Dr. Bhattacharyya said the project was envisioned “with the idea that the publishing industry has to assign submitted articles to the correct set of reviewers, and that the reviewers and the articles should match in terms of the topic and suitability of the article and the proficiency and experience of the reviewer.” Academic journals receive far more articles than they publish, and a system that can automatically review submissions allows editors to focus only on those that are most suited to the journal, thus reducing the time between submission and publication.
The system considers two major factors: scope and novelty. “First and foremost, the article has to be in the scope of the journal,” Dr. Bhattacharyya explained. “Say the journal is on artificial intelligence, and the submission is based on thermodynamics. Then clearly the article is out of scope, and the journal would not be able to accept it.”
Once an article has been deemed to be within the scope of the journal, however, it must also be considered novel.
“The detection of whether something is novel or non-novel is a machine-learning problem,” Dr. Bhattacharyya said. “No respectable journal would accept an article unless the article has something novel to say. We could simply compare words and phrases to see if these are present in existing articles, but that could be misleading; a novel text could appear similar to others on the surface. To solve this, we need to go deeper, using machine learning tools.”

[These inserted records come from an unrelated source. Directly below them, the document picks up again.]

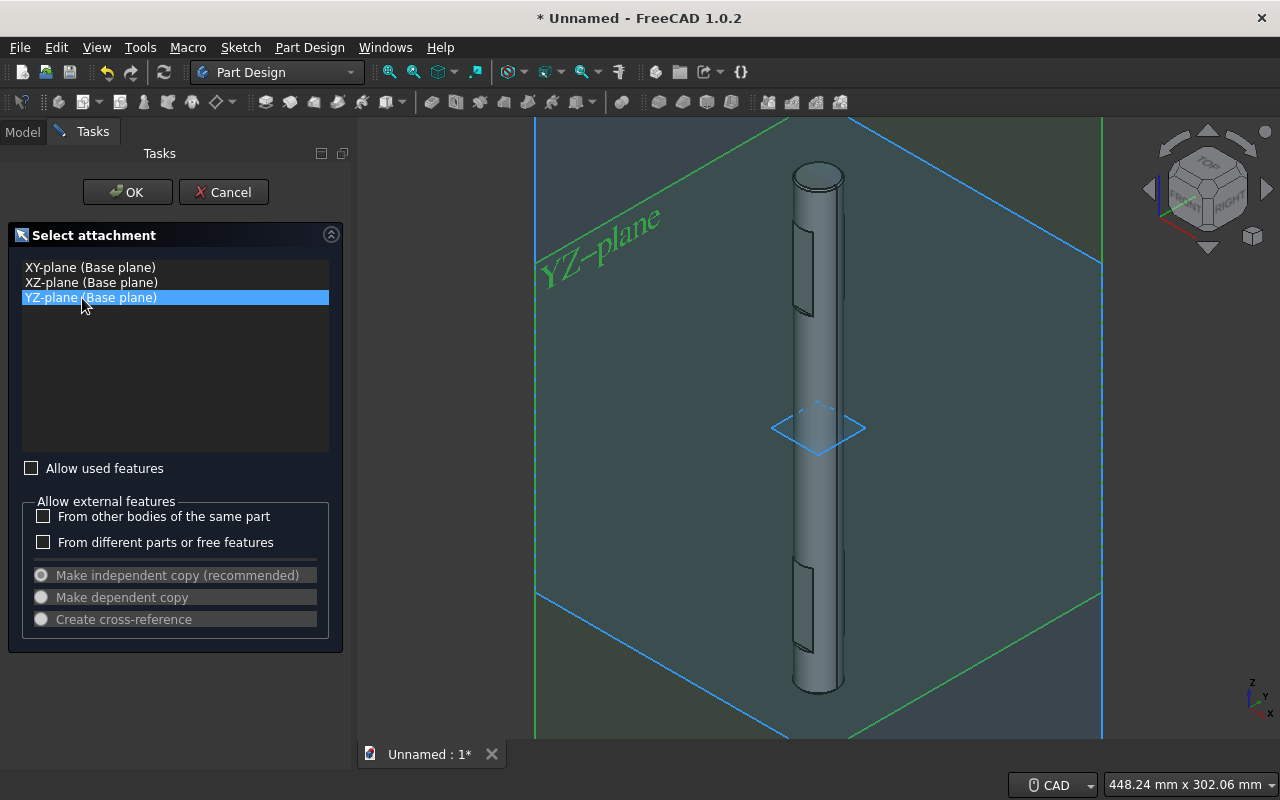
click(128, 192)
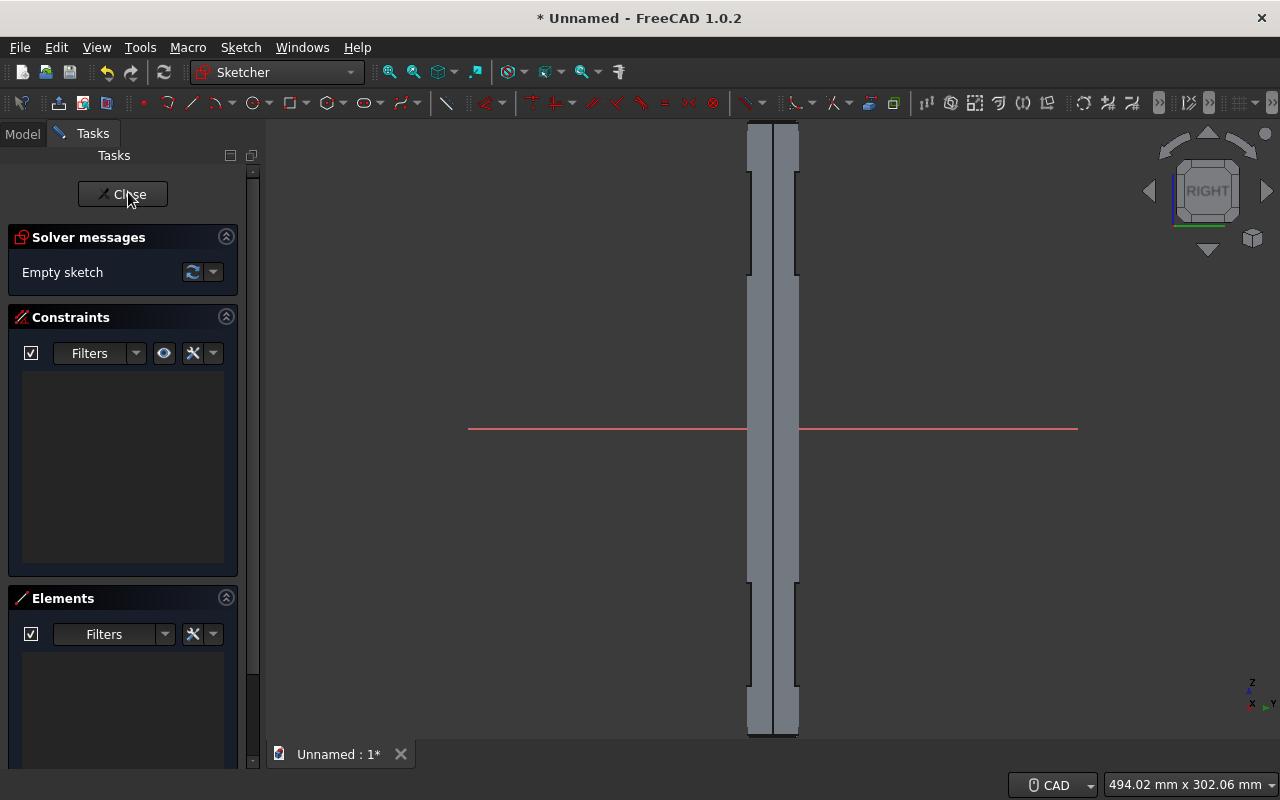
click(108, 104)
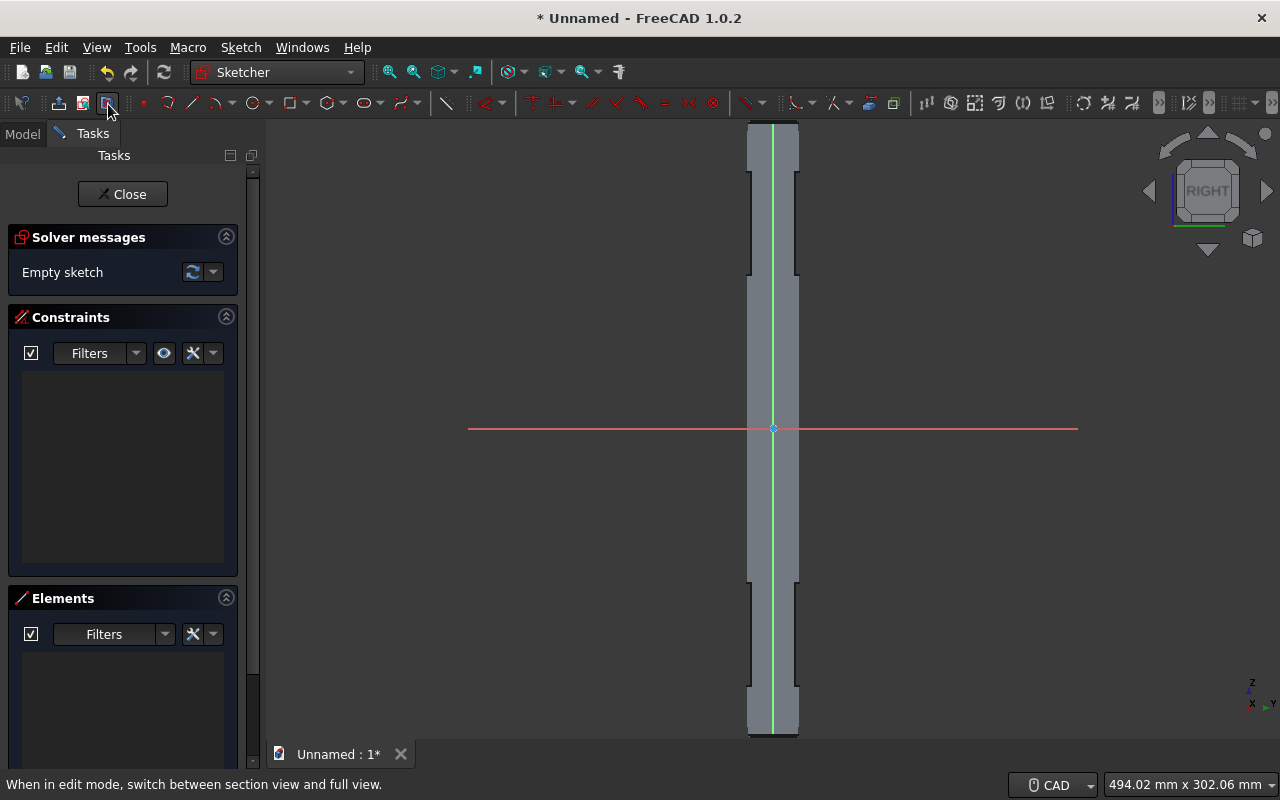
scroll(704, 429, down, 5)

Bhattacharyya explained the process they developed, trying it out with newspaper articles:
We started comparing documents based on lexical similarity, stylistic similarity, and finally, deep semantic similarity, using word, sentence, and paragraph vectors. We created semantic representations of these documents and then checked to see how similar they are to existing documents in the semantic space.

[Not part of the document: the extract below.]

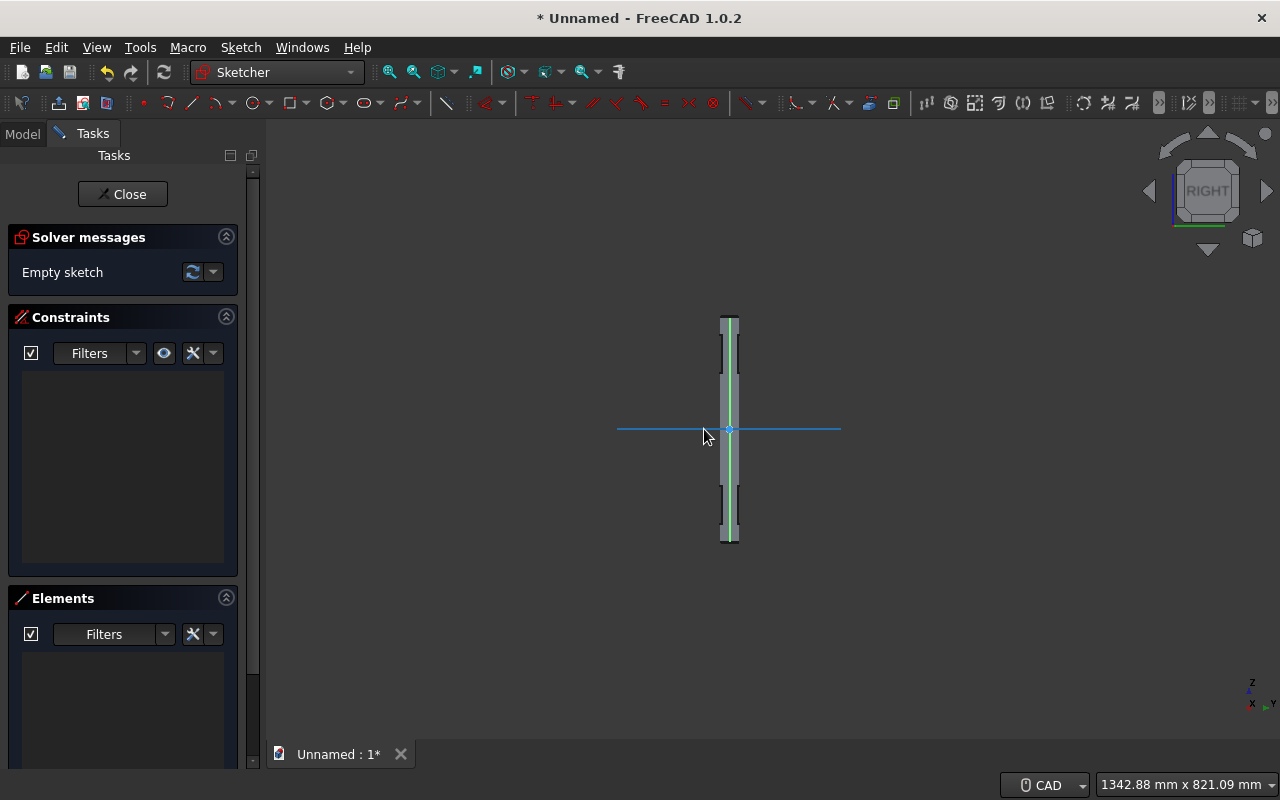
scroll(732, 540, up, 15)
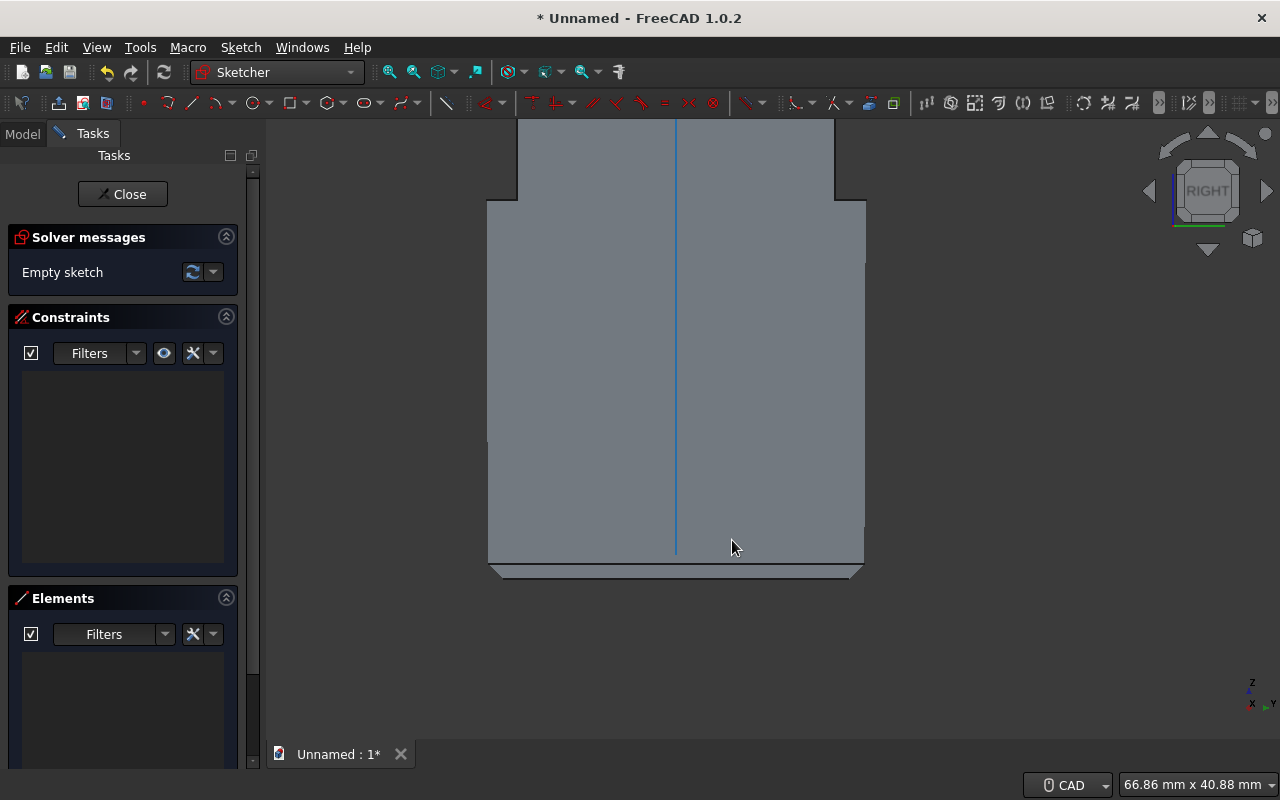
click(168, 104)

Once Dr. Bhattacharyya’s team is able to determine novelty in newspaper articles, they’ll tackle scientific articles. “We aim to employ the knowledge gained from these experiments on existing scientific data, via the Scopus database, thanks to Elsevier.”
Each of these teams is creating systems to perform tasks that only a few years ago would have been impossible for computers, but which are now becoming commonplace as a result of their collaborations with Elsevier.
Dr. Bhattacharyya reflected on his work:
It is important that our research is tied up with an actual problem. It is important that a live problem should drive the research. This collaboration with Elsevier has been extremely fruitful and useful in that we have got a real, live problem in front of us. We are from academia; academia is always on the lookout for problems that matter.